§ **Material for this task**:
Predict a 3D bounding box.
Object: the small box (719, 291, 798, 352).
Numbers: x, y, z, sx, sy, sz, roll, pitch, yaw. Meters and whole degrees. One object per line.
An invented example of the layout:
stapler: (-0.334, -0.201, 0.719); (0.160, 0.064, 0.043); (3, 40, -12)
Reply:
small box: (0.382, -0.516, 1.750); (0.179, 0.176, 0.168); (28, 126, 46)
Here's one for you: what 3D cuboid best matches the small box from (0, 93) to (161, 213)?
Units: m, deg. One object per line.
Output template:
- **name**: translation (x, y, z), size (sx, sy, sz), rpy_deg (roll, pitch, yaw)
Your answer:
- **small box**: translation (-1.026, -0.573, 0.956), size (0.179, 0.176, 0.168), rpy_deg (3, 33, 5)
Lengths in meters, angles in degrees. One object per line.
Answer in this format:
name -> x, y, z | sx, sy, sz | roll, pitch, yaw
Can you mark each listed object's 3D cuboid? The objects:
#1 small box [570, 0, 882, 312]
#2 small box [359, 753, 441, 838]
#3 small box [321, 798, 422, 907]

==

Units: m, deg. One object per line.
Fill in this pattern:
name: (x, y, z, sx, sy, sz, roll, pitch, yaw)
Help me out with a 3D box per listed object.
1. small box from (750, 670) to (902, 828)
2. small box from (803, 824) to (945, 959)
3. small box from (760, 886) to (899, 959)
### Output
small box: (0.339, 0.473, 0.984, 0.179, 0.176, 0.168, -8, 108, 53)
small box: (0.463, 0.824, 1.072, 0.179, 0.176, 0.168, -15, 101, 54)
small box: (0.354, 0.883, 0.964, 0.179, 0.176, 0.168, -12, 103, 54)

---

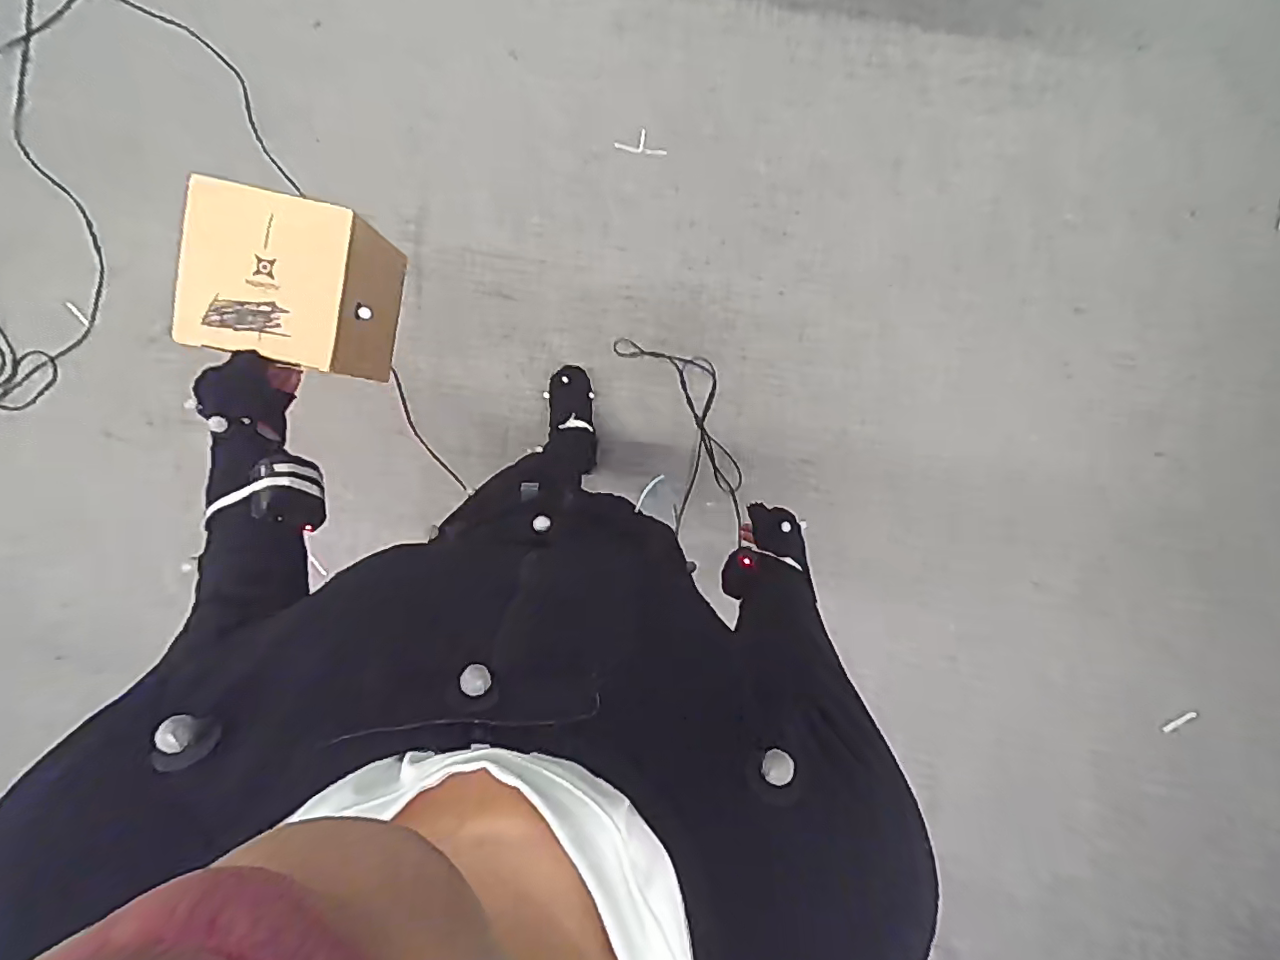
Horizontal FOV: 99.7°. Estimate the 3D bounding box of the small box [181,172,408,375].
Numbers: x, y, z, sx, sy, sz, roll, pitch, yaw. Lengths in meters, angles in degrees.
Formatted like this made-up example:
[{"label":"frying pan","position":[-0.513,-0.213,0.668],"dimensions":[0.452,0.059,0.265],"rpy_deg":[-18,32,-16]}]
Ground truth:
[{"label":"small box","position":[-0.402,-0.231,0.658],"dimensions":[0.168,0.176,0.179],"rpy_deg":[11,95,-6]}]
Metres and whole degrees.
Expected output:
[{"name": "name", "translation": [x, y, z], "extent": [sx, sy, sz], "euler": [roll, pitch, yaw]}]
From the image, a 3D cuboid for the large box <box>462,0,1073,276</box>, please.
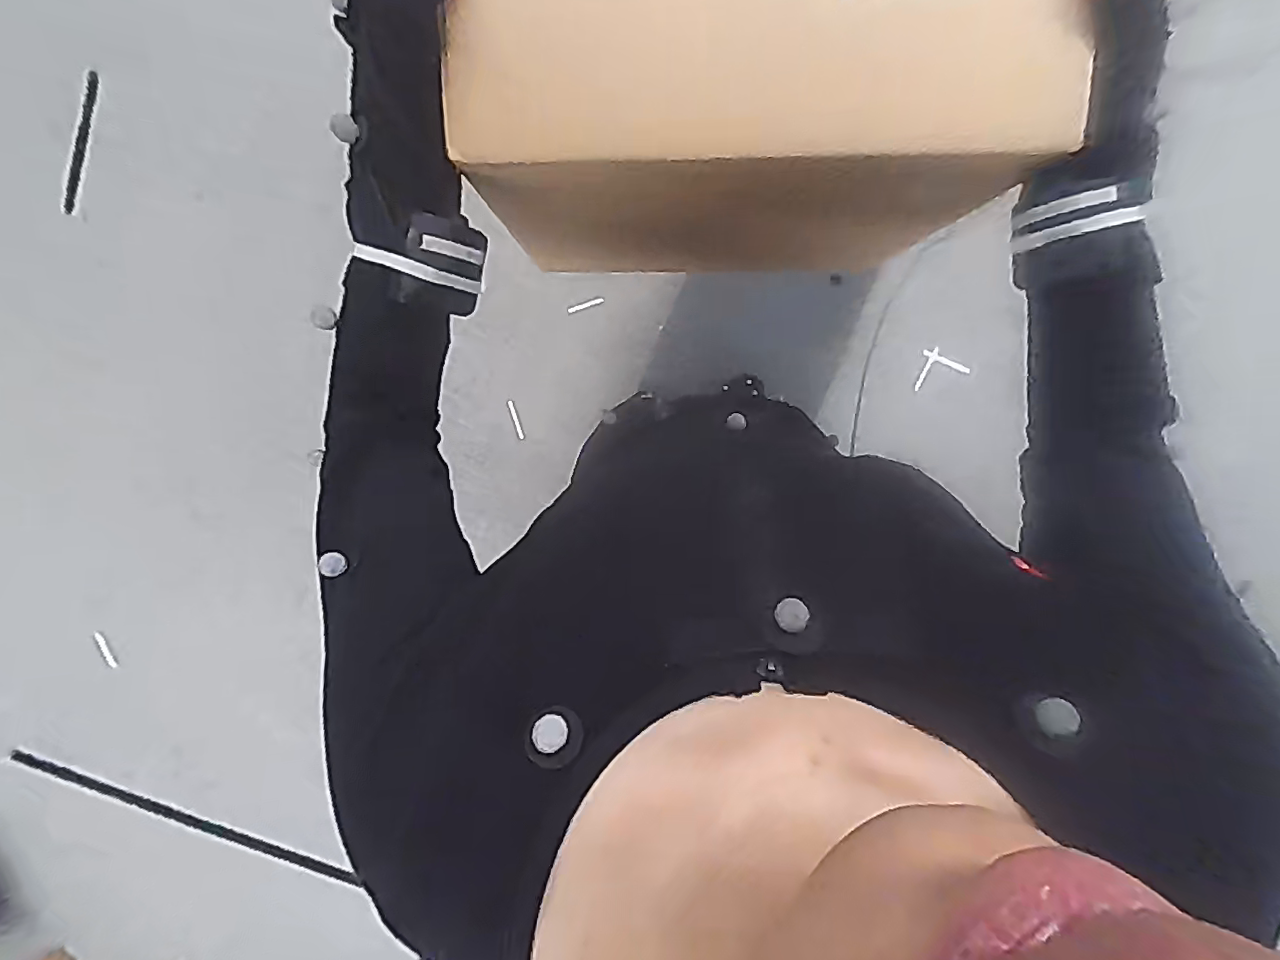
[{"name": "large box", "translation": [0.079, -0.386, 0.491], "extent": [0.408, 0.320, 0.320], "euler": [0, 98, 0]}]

§ **Required work**: Find the line with "Can you mark" in the entries above. Retype it and each line after it, exactly, through the line with "#3 small box [321, 798, 422, 907]", and stop there.

§ **Task solution**:
Can you mark each listed object's 3D cuboid? The objects:
#1 small box [570, 0, 882, 312]
#2 small box [359, 753, 441, 838]
#3 small box [321, 798, 422, 907]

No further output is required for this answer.